Allison Janney as Margaret Scully reading Lolita in Masters of Sex.
It is St. Louis, 1958. A woman, middle-aged, married, upper-middle class, is in bed, reading. Her husband walks in. She puts the book aside. The book is Lolita. This is a shot from the first episode, “Parallax”, of the new, second, season of Showtime’s Masters of Sex, 25:48 in.
The shot is slightly odd, though. It is clear that the Lolita is a thick, single, hardbound volume in the green Olympia Press dust jacket. Only one Lolita matches that description: The single-volume hardcover issued by Steimatzky in Israel most probably in 1959 (A28.1, Israeli printing, variant a). So, why is the woman, Allison Janney as Margaret Scully, a university provost’s wife in 1958, reading a foreign edition of a book that was released in the U.S. by Putnam on 15 September 1958? How did she get a hold of it a year before it was issued? Did someone send it to her from Israel? Had she recently visited Israel? Is there a backstory here?
Probably not. The only backstory that makes sense is one that the show’s prop master would tell us. Take a close look at the still from the episode. The jacket is in remarkably good shape. Makes sense for 1958 or 1959. But not for today, 55 years later, for a prop master to have found a dj in such fine condition. Also, that dj has some small, illegible printing in the lower left-hand corner of its back cover. A real Steimatzky dj is blank on its back. So it’s not a real Steimatzky dj.

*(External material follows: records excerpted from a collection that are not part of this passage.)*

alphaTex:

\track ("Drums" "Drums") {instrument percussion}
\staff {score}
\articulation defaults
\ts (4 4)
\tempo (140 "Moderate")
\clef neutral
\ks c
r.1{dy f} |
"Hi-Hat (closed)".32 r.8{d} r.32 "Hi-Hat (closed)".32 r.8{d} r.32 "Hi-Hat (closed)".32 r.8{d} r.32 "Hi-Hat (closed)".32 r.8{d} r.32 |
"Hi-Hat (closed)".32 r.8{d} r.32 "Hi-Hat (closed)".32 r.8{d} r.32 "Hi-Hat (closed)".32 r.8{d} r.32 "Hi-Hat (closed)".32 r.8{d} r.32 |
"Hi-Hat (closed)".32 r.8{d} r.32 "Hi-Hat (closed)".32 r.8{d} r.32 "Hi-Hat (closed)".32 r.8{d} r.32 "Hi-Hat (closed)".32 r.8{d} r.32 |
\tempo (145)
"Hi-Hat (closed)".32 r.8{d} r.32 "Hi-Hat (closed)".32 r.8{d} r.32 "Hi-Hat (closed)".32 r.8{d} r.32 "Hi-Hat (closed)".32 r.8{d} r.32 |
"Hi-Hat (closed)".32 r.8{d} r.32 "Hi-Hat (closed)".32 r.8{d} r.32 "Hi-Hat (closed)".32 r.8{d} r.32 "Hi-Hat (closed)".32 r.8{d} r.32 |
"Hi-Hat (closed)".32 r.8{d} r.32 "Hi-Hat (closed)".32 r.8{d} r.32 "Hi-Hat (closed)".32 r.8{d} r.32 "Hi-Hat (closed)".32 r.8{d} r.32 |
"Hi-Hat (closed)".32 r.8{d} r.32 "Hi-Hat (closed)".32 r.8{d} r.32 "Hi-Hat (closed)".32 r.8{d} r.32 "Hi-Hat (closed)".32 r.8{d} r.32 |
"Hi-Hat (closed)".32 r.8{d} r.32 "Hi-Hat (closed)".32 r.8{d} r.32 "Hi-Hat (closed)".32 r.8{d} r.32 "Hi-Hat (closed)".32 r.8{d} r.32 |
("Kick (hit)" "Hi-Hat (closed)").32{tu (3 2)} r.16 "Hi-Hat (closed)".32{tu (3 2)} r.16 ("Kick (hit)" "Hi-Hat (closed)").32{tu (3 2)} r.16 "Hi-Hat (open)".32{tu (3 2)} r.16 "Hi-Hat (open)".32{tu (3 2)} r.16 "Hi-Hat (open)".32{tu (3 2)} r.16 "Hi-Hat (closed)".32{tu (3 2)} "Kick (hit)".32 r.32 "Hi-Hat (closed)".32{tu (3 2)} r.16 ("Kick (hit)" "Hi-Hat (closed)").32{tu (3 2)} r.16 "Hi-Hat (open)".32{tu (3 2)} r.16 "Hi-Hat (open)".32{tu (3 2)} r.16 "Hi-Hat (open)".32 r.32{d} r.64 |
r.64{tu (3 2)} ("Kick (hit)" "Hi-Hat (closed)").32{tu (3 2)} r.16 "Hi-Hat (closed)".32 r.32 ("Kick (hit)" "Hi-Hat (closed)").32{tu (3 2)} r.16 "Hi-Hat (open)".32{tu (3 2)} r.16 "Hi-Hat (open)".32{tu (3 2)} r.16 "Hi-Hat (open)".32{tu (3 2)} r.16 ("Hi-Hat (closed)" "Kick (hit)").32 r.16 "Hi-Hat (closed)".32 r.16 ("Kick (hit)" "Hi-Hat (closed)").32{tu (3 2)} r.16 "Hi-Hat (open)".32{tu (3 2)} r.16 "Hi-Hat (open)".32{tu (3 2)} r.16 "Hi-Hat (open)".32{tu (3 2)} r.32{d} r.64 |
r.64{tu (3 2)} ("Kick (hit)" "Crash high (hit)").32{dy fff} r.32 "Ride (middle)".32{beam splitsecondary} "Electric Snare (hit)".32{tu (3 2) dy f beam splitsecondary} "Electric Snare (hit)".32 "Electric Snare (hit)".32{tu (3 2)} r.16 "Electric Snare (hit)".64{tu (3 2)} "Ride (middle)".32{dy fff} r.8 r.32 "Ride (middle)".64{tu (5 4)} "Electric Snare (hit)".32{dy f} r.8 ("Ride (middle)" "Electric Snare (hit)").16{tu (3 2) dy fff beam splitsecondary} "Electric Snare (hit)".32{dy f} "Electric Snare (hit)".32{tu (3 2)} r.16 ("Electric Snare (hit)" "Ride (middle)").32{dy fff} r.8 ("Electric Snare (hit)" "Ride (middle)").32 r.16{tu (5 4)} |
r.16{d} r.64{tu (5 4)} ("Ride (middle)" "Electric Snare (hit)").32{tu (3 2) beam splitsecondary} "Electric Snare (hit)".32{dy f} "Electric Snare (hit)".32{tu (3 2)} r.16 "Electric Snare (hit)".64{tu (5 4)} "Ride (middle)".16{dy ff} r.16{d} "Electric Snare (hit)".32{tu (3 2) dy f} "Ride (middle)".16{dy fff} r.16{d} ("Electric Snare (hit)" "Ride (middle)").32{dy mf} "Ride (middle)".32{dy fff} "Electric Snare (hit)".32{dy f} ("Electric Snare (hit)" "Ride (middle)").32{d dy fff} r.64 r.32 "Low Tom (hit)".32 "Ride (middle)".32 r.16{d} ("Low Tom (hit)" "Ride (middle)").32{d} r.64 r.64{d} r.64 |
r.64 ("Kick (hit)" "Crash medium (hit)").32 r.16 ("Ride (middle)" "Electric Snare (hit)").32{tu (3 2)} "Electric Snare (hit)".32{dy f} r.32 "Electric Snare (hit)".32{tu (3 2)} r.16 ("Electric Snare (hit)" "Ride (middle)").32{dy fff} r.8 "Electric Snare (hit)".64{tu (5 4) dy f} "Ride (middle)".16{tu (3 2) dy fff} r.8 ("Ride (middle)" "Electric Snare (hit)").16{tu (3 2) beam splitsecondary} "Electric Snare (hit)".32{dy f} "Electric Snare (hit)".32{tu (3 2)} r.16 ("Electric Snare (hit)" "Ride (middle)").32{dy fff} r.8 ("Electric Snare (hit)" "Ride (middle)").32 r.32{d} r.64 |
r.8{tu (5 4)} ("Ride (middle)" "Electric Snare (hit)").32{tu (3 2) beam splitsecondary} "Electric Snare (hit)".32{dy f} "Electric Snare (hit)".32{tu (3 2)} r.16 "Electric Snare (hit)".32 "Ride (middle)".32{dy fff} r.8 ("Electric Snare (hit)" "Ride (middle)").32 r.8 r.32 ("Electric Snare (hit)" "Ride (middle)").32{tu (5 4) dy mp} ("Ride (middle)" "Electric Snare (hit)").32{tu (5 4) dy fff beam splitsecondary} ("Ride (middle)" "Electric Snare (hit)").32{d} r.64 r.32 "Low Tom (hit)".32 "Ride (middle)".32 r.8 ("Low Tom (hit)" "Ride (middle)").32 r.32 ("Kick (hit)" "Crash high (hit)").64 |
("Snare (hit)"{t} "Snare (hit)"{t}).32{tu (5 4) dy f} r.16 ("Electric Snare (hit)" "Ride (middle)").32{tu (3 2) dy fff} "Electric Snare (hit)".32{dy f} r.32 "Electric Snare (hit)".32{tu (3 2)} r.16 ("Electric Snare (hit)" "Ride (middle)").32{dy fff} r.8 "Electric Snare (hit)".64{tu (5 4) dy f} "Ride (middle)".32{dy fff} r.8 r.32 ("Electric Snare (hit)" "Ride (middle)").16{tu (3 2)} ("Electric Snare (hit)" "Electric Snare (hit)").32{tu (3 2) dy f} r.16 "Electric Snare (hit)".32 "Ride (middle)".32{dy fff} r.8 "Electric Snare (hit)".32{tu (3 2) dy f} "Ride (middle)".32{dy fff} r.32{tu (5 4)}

Another detail. The top of the hardcover binding peeking out from the top of the dj reveals a volume quarter-bound in black cloth and white paper. Ah, that’s the Putnam edition. So, what we have is a marriage of an almost Steimatzky dj with a Putnam hardbound binding. The prop master seems to have scrambled to come up with the prop that the script called for. He found a Putnam copy, but without the dj. He needed a dj so that the camera could pick up the title easily. (There is no title or other writing on the Putnam binding.) Somewhere he found a copy or photo of one of the Olympia Press issues, covers and spine, and had a facsimile dj made to fit the slightly larger Putnam binding. But I still can’t figure out what that writing is on the bottom-left of the back cover.
So much for nitpicking popular period-piece television.